[What to produce]
Output the records below verbatim, minus the pictures.

[The input]

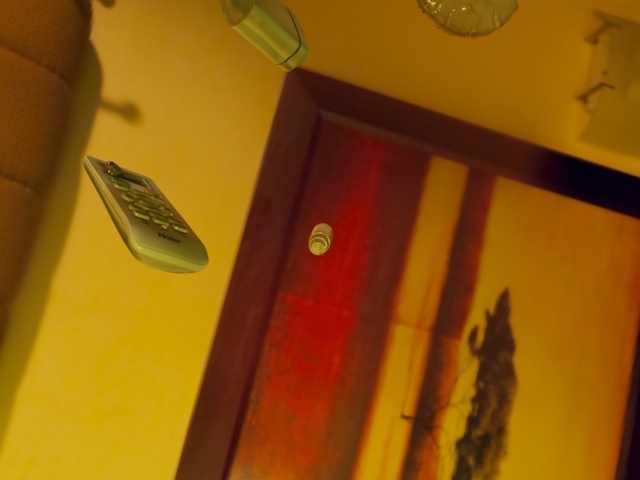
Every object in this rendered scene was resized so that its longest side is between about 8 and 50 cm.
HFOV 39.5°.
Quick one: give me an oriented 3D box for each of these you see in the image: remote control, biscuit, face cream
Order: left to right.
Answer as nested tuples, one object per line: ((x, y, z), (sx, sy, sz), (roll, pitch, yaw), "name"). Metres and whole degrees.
((-0.229, -0.034, 1.125), (0.051, 0.103, 0.293), (-62, -147, 12), "remote control")
((0.000, 0.000, 1.359), (0.130, 0.034, 0.034), (-75, -177, -80), "face cream")
((0.240, -0.434, 1.564), (0.038, 0.289, 0.141), (25, -85, 57), "biscuit")

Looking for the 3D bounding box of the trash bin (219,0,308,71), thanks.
((-0.086, -0.329, 1.328), (0.059, 0.130, 0.116), (-36, -130, 20), "trash bin")
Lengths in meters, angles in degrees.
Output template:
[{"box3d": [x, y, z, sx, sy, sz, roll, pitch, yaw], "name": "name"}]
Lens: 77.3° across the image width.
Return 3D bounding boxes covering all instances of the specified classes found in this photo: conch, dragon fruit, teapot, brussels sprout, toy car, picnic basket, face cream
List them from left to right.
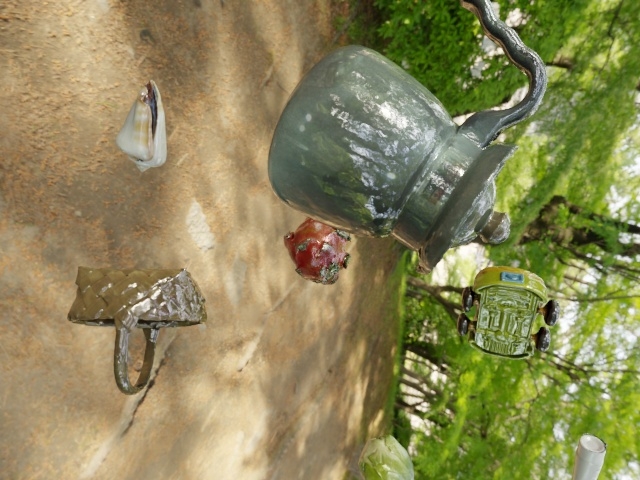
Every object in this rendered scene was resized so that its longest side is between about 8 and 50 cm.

[Response]
Every object in this rendered scene was resized so that its longest side is between about 8 and 50 cm.
HFOV 39.5°.
Quick one: give me an oriented 3D box for each of these you see in the image: remote control, biscuit, face cream
Order: left to right.
Answer as nested tuples, one object per line: ((x, y, z), (sx, sy, sz), (roll, pitch, yaw), "name"). Metres and whole degrees.
((-0.229, -0.034, 1.125), (0.051, 0.103, 0.293), (-62, -147, 12), "remote control")
((0.000, 0.000, 1.359), (0.130, 0.034, 0.034), (-75, -177, -80), "face cream")
((0.240, -0.434, 1.564), (0.038, 0.289, 0.141), (25, -85, 57), "biscuit")

Looking for the 3D bounding box of the trash bin (219,0,308,71), thanks.
((-0.086, -0.329, 1.328), (0.059, 0.130, 0.116), (-36, -130, 20), "trash bin")
Lengths in meters, angles in degrees.
Output template:
[{"box3d": [x, y, z, sx, sy, sz, roll, pitch, yaw], "name": "name"}]
Lens: 77.3° across the image width.
Return 3D bounding boxes covering all instances of the specified classes found in this photo: conch, dragon fruit, teapot, brussels sprout, toy car, picnic basket, face cream
List them from left to right.
Every object in this rendered scene was resized so that its longest side is between about 8 and 50 cm.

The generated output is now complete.